TASK BRIEF =
The records beneath should be printed exactly, and the pictures are to be left out.

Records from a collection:

Segment Open

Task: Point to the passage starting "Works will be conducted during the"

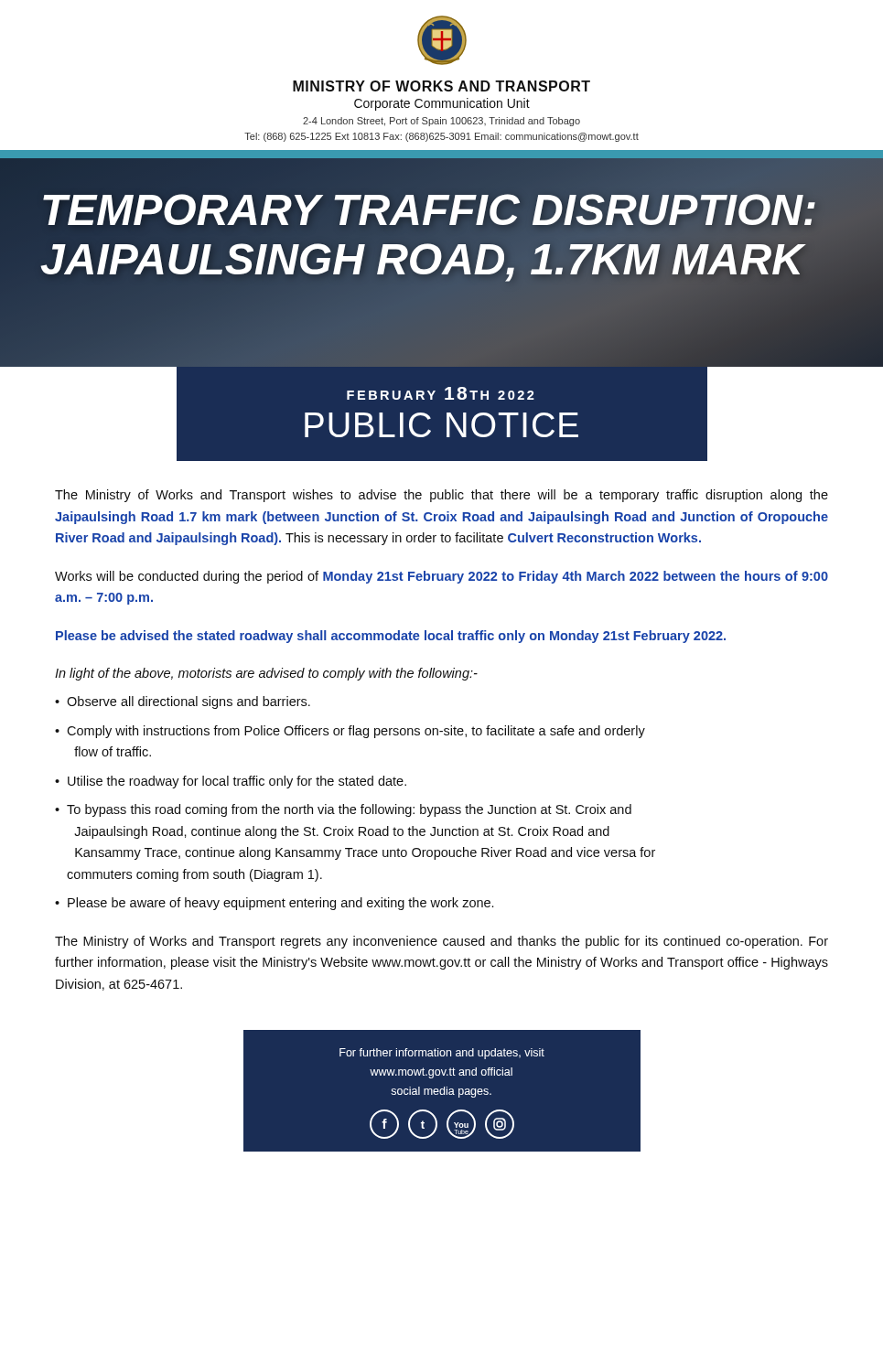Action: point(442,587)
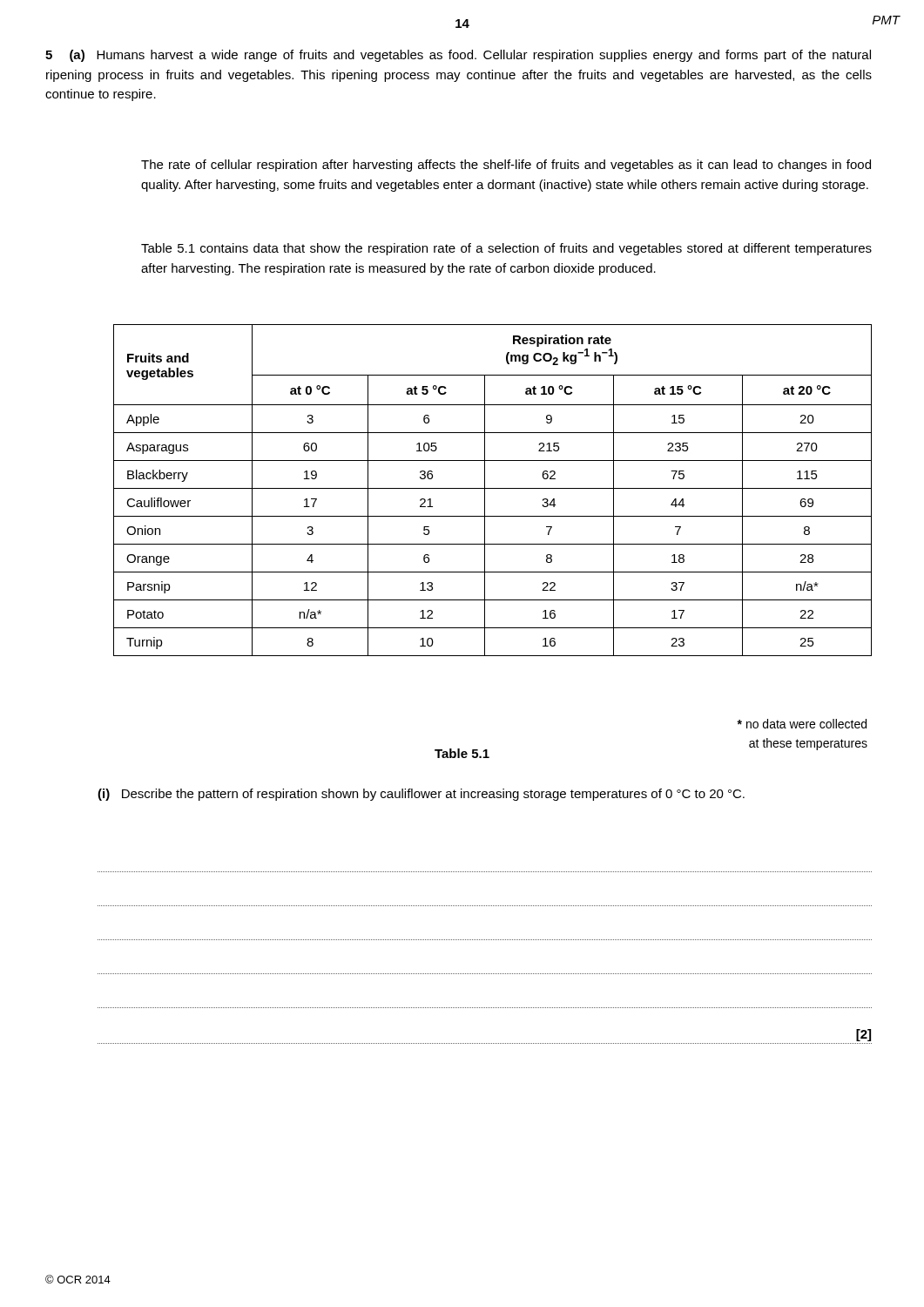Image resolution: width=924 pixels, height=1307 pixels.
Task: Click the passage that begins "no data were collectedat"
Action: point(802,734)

Segment Closed

WRITTEN ANSWER =
Task: Point to the passage starting "Works will be conducted during the"

Action: point(442,587)
Image resolution: width=924 pixels, height=1307 pixels.
Task: Click the passage that begins "no data were collectedat"
Action: point(802,734)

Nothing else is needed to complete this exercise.